| ← Previous race | Next race → |

Race details
- Date: August 10, 1997
- Official name: XIII Marlboro Magyar Nagydij
- Location: Hungaroring, Mogyoród, Pest, Hungary
- Course: Permanent racing facility
- Course length: 3.968 km (2.466 miles)
- Distance: 77 laps, 305.536 km (189,851 miles)
- Weather: Sunny, Dry Track, 27°C

Pole position
- Driver: Michael Schumacher; / Ferrari
- Time: 1:14.672

Fastest lap
- Driver: Heinz-Harald Frentzen / Williams-Renault
- Time: 1:18.372 on lap 25

Podium
- First: Jacques Villeneuve; / Williams-Renault
- Second: Damon Hill; / Arrows-Yamaha
- Third: Johnny Herbert; / Sauber-Petronas

= 1997 Hungarian Grand Prix =

Formula One motor race held in 1997

The 1997 Hungarian Grand Prix (formally the XIII Marlboro Magyar Nagydij) was a Formula One motor race held at Hungaroring, Mogyoród, Pest, Hungary on 10 August 1997. The race, contested over 77 laps, was the eleventh race of the 1997 Formula One World Championship and was won by Jacques Villeneuve, driving a Williams-Renault, with Damon Hill second in an Arrows-Yamaha and Johnny Herbert third in a Sauber-Petronas.
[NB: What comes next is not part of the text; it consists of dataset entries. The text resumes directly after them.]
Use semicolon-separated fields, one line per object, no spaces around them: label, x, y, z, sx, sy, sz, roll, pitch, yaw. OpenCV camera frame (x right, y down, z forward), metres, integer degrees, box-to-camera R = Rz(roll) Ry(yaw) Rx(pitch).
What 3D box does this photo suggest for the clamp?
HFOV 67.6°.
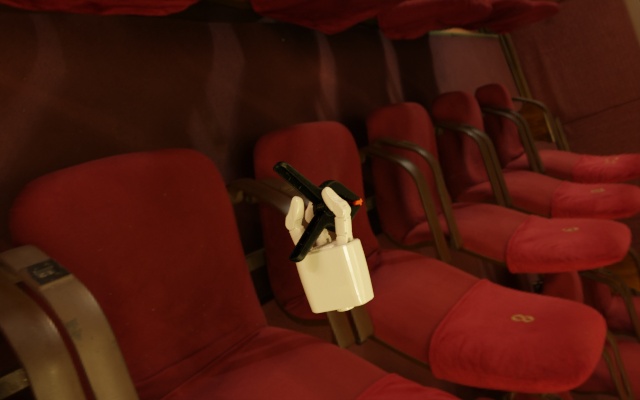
clamp;0.001;0.003;0.834;0.036;0.164;0.210;-11;4;39
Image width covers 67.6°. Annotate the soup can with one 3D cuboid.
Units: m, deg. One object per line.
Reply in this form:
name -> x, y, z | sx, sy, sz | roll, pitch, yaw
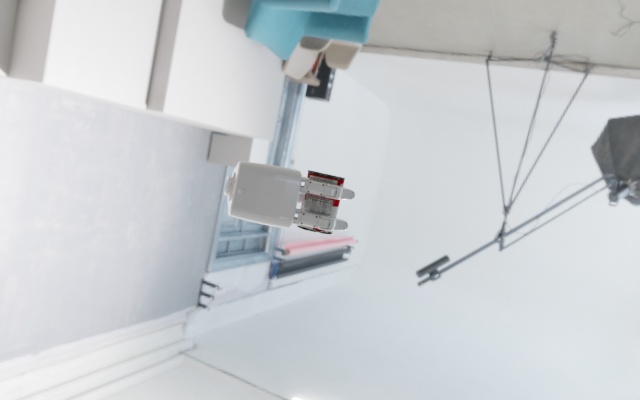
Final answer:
soup can -> 0.001, 0.003, 0.846 | 0.068, 0.102, 0.068 | 12, 4, -1
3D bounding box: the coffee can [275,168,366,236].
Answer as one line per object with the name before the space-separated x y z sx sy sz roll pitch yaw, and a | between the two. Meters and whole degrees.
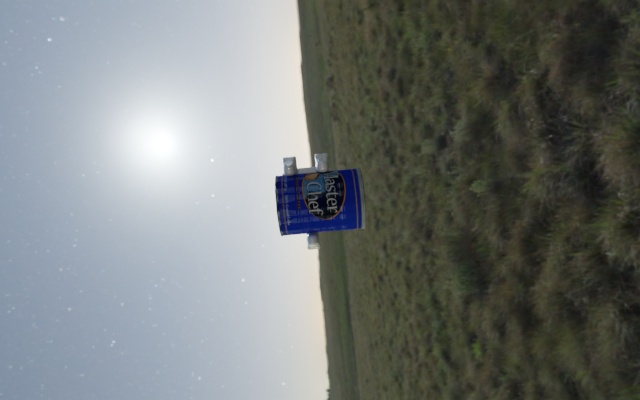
coffee can | 0.000 0.003 0.796 0.140 0.103 0.103 -5 0 0
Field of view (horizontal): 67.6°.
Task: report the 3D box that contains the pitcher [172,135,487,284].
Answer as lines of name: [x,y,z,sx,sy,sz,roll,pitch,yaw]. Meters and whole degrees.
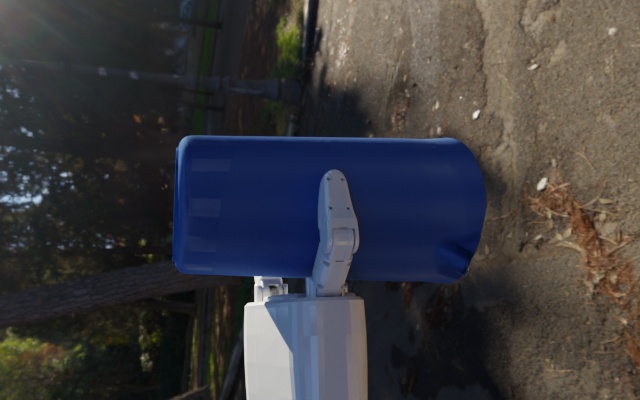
pitcher: [0.000,0.002,0.414,0.243,0.145,0.149,2,-14,-17]
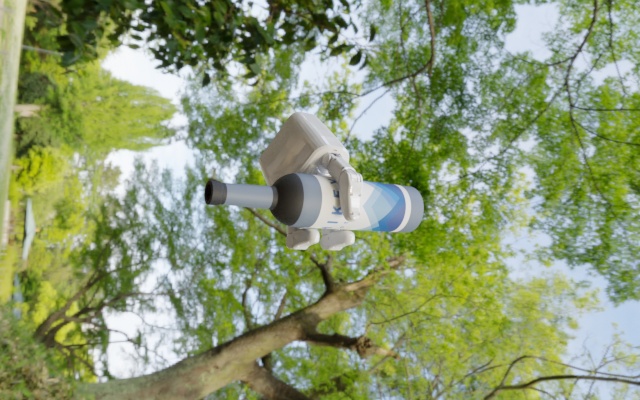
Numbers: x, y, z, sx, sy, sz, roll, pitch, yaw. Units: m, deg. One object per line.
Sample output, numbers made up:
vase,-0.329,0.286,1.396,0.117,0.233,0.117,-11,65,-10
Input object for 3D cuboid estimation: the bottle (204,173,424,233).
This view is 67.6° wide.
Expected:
bottle,0.000,0.002,0.605,0.296,0.069,0.069,5,-3,-32
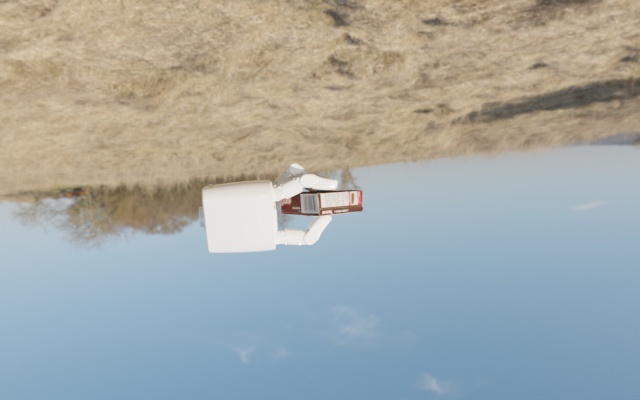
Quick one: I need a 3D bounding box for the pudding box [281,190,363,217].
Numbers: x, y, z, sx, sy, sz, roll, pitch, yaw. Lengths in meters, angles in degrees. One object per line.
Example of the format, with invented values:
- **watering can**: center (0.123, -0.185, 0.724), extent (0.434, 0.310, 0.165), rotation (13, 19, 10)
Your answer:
- **pudding box**: center (0.000, 0.003, 0.778), extent (0.090, 0.039, 0.113), rotation (-6, 6, -36)
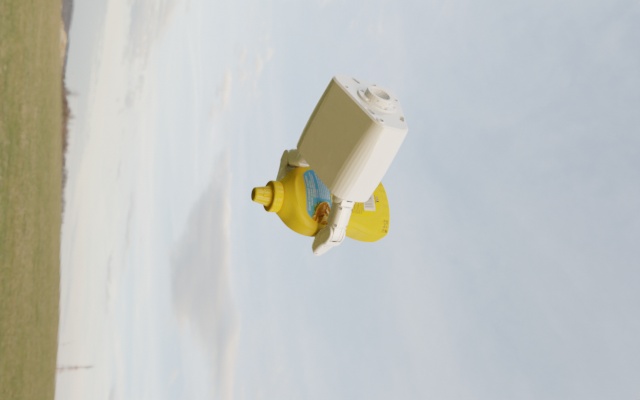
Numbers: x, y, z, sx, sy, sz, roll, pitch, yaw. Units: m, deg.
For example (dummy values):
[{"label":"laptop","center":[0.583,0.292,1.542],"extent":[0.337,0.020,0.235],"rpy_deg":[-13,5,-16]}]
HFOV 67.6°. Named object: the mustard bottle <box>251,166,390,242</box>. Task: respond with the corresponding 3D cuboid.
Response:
[{"label":"mustard bottle","center":[0.000,0.002,0.638],"extent":[0.191,0.096,0.058],"rpy_deg":[7,-26,-29]}]

Defending World Champion Hill, who had been having a poor year in the uncompetitive and unreliable Arrows, had led comfortably for most of the race, after qualifying third behind championship challengers Michael Schumacher and Villeneuve. However, a hydraulic failure resulted in Villeneuve passing him on the final lap. It was to be the closest the Arrows team ever came to a Grand Prix victory and would turn out to be their final podium finish.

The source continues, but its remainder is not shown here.